Les chiffres le confirment. Les transactions de paiement mobile ont bondi à 12,5 millions au T1 2024, soit une augmentation de 71 % par rapport aux 7,6 millions du T1 2023, reflétant une adoption accélérée à travers le pays. En juin 2025, Algérie Poste a lancé BaridiPay, une fonctionnalité de paiement mobile par QR code intégrée à BaridiMob, signalant l’évolution de la plateforme d’un simple portefeuille mobile vers un écosystème de paiements plus large.

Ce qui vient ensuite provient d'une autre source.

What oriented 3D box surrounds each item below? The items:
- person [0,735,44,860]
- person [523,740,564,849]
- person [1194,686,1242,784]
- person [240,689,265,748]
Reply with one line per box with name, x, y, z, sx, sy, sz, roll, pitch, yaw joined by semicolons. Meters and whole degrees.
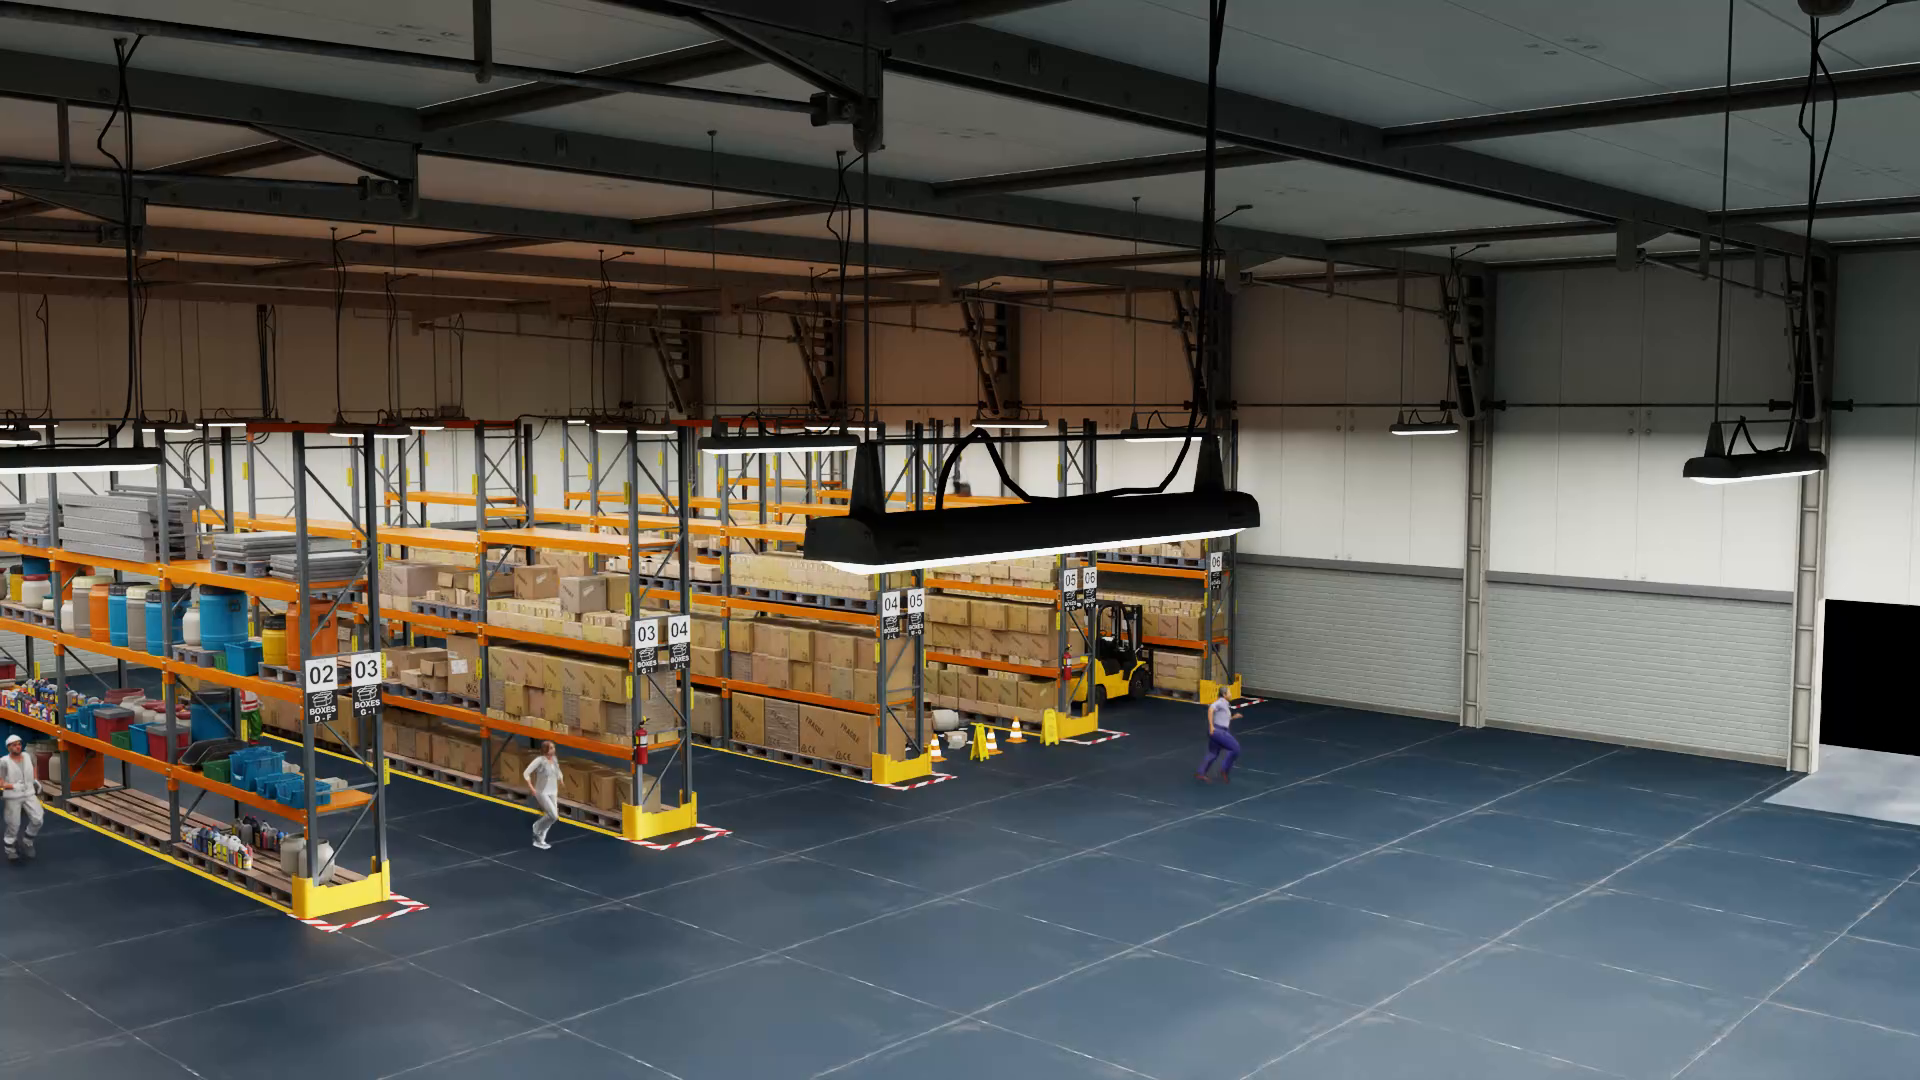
person;-12.959;3.558;22.957;0.698;1.754;0.637;4;6;38
person;-5.849;3.620;23.598;0.500;1.554;0.585;3;5;31
person;4.316;3.261;27.717;0.784;1.627;0.630;0;5;2
person;-12.779;3.035;29.704;0.797;1.748;0.646;3;6;33

Le succès de BaridiMob a créé à la fois un référentiel et une ouverture. Il a prouvé que les Algériens utiliseront des outils financiers mobiles lorsqu’ils sont accessibles et liés à des comptes existants. Mais il a aussi exposé les limites d’un modèle à fournisseur unique. Le prochain défi est d’intégrer des services fintech tiers sur l’infrastructure de BaridiMob et le réseau CCP plus large, en créant un écosystème interopérable plutôt qu’un jardin clos.
GIE Monetique, l’organisme interbancaire de paiement électronique créé en juin 2014, est au cœur de cette intégration. Son mandat d’assurer l’interopérabilité entre les plateformes de paiement signifie que les portefeuilles construits par les startups et les solutions agréées par les banques doivent à terme se connecter aux mêmes rails nationaux. En 2024, GIE Monetique a fait progresser l’interopérabilité des paiements mobiles en désignant SATIM (Société d’Automatisation des Transactions Interbancaires et de Monétique) comme le switch national pour la gestion des flux de paiement mobile. SATIM a acquis une solution de paiement interbancaire — le « Switch Mobile » — grâce à un partenariat avec ProgressSoft et GEP Technology, et exploite désormais un réseau couvrant 19 membres (18 banques plus Algérie Poste), plus de 1 351 DAB et plus de 36 000 terminaux de paiement. Cette infrastructure pose les bases d’un système unifié où l’innovation des startups se branche directement sur les rails de paiement nationaux.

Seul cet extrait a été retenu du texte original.